I'll esimate the total cost (including benefits, taxes, workspace, and equipment) as being about 2.5 to 3 times salary, as this is what I was trained with years ago as a software developer.  I have no clue if this figure is right for healthcare software.

Nicely, the average effort is simply going to be 10 * the mid range estimate, or 60 months, and the variance is 10 months2, for a standard deviation of ~ 3 months.
That makes the 95% completion time for this project about ~65 months or ~5.5 person years.

Average yearly developer salary: $80,000
Fully Burdened yearly cost: 200,000 - 240,000
Timesthe length of the project (~5.5 years)
Total certification labor cost: $1.1M - $1.32M

My example project plan is pretty much in the mid to high range of ONC's estimate of beween $500K to $1.5M (remember, John did say $1M or more).
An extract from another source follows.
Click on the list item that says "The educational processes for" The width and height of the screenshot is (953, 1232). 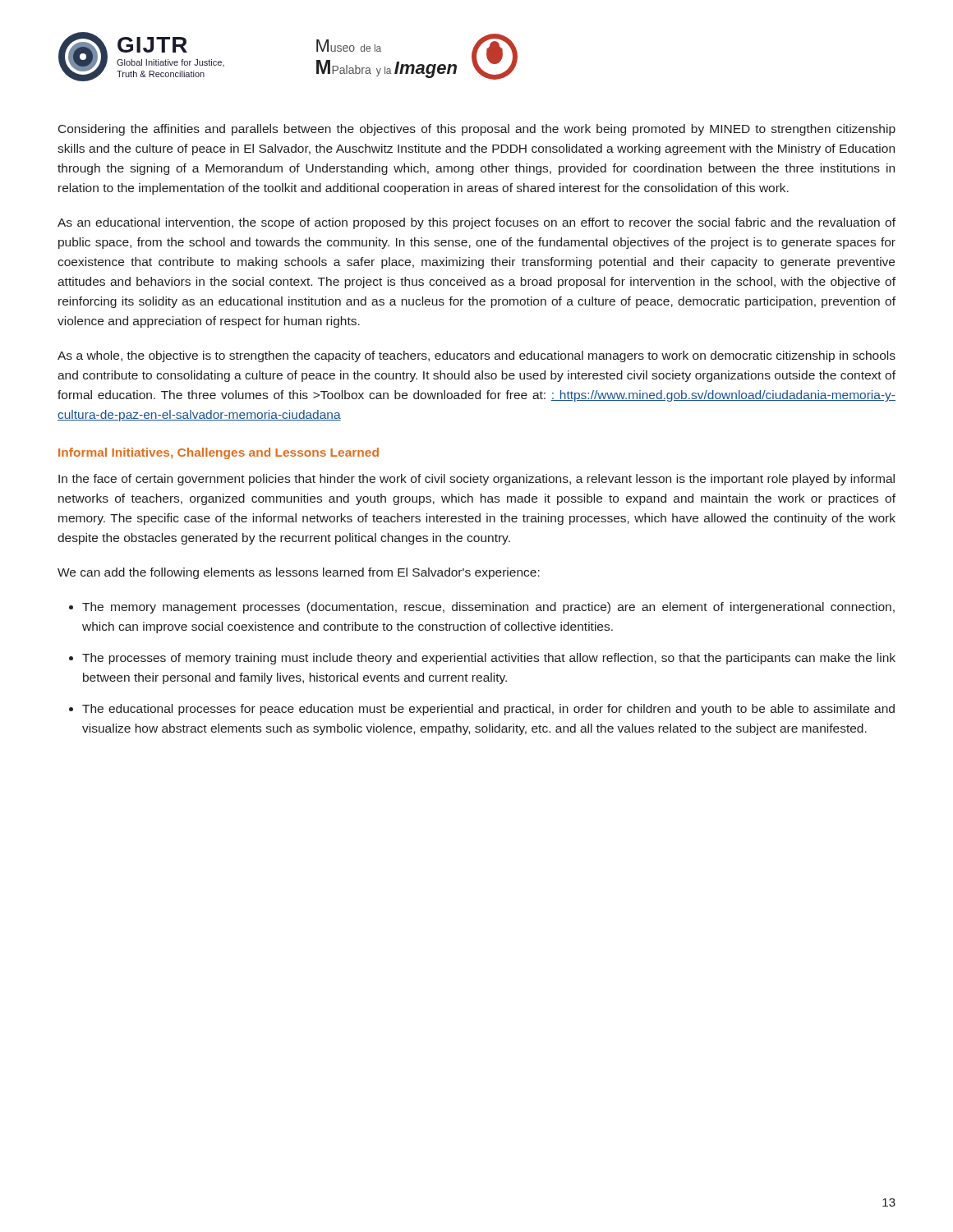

If I use the estimate of 4 features (very generous based on my comment about quality metrics above) with the same three point effort estimates, it still works out to $450K - 540K

You can run your own estimates with your own figures.  I think if you put together a plan considering all of the factors above, you'll see that the ONC estimates are not terribly out of line.

Note, I won't be asking certification bodies for their opinions or product development cost estimates by any stretch, because I recognized they have a vested interest in the answer being lower than reality.

My guess is that a really good process can shave points off of the ONC estimate, but not by much more than 10%.


  1. Great writeup of the various potential costs that surround EHR certification beyond the core certification cost.

    Add in that this certification adds NO value to the end user and it almost makes you want to cry.


  2. From our perspective as an EMR vendor targeting long term care it makes no sense to even consider this cost since it has to be passed on and raises the cost to the end user. If the end product does what it is supose to do and the customer is happy...who cares about the meaningful use and certification as it truly adds no value other than marketing hype.

    Paul Berney

  3. Agreed with Paul... but as this is blocking issue to get into the market now, so in any case venders need to follow the ONC, HHS standards.

  4. A very great post. You have a very nice estimation of a project manager's salary that follows according to ONC's standard.

    This will greatly help lots of project managers out there. Thanks a lot for the post!